2
votes

In SAS I have created a program that will randomly take 50 observations from a data set and calculate a mean value for the observations.

data subset (drop=i samplesize);
samplesize=50;
obsleft=totobs;
do i=1 to samplesize;
  obsnum=ceil(ranuni(0)*totobs);
  set sashelp.baseball point=obsnum nobs=totobs;
  output;
end;
stop;
run;


proc sql;
select mean(nHome) from subset;
quit;

I would like to edit the code so it will produce 10 independent random samples instead of one (I am aware of the reps= in Proc SurverySelect, but I am not supposed to use it here).
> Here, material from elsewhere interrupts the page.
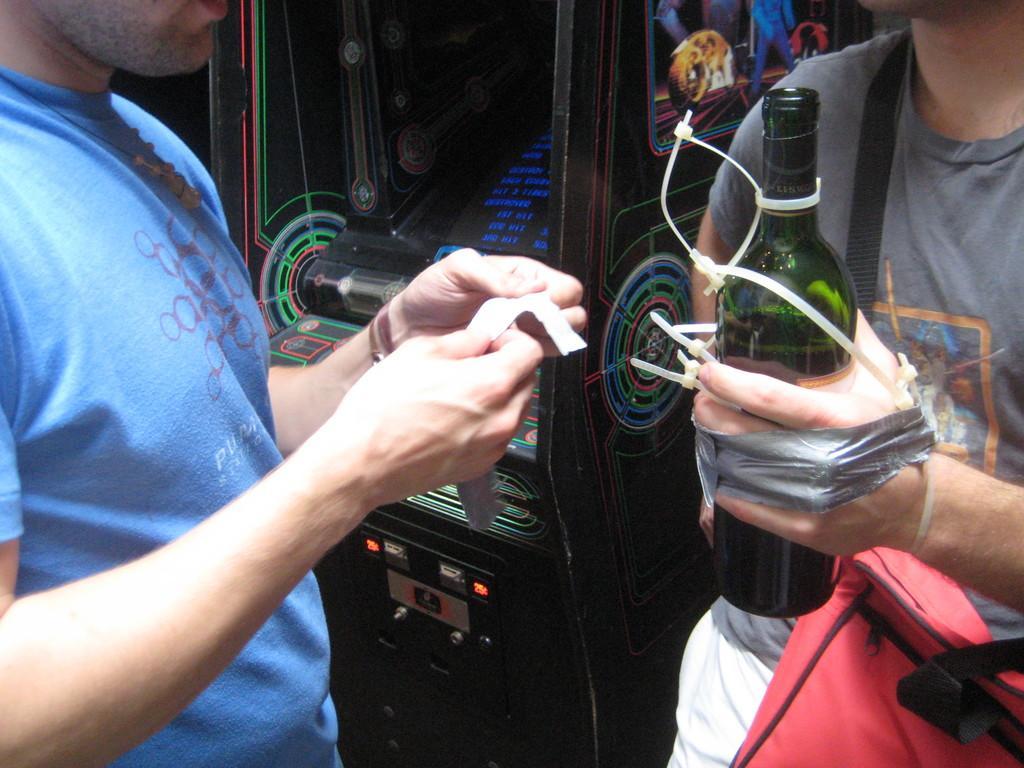Please provide a concise description of this image. In the image we can see there are people who are standing and holding wine bottle in their hand and the persons hand is tied with a ash colour tape and he is carrying a red colour bag and there is a music system at the back and the person is wearing blue colour t shirt. 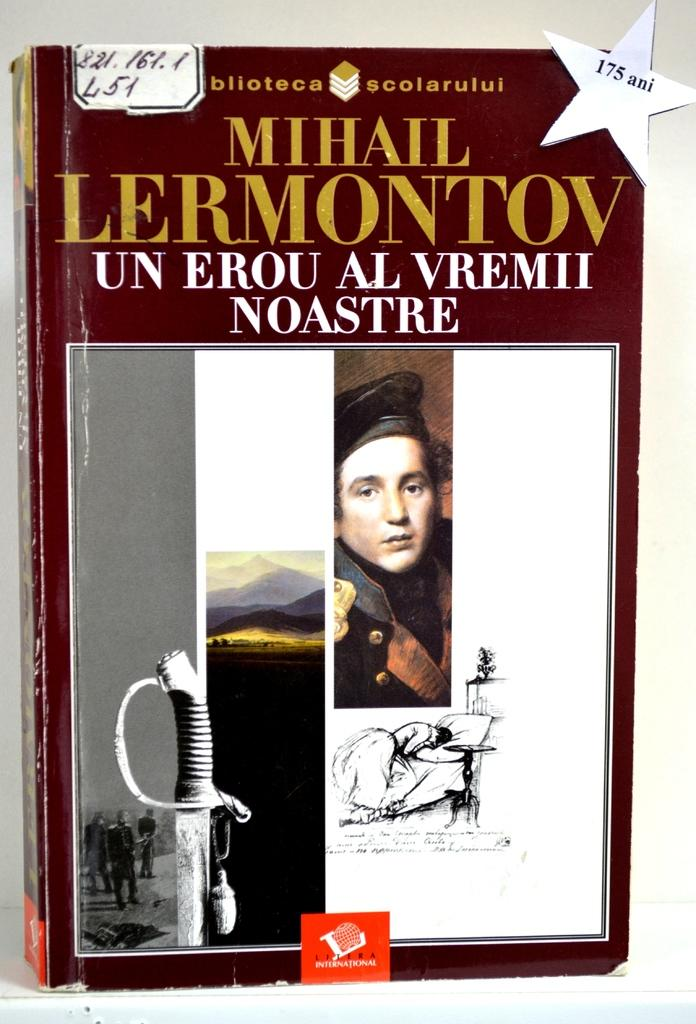<image>
Share a concise interpretation of the image provided. Book cover titled "Mihail Lermontov" showing a soldier's face and a sword.

Thanks

1

1 Answers

2
votes

The k/n algorithm selects a fixed number samples, each with a probability of 1/n.

%let SEED = 1234;

data mySurveySelection;

  retain k 10; drop k;
  length select_n_ 8;

  set sashelp.baseball nobs=n;

  if (ranuni(&SEED) <= k/n) then do;
    k = k - 1;
    select_n_ = _n_;
    output;
  end;
  n = n - 1;

  if n = 0 then stop;
run;

You didn't ask for a proof that the selections are indeed 1/n, so I wont show that.

SurveySelect is typically used in any production level study or code base.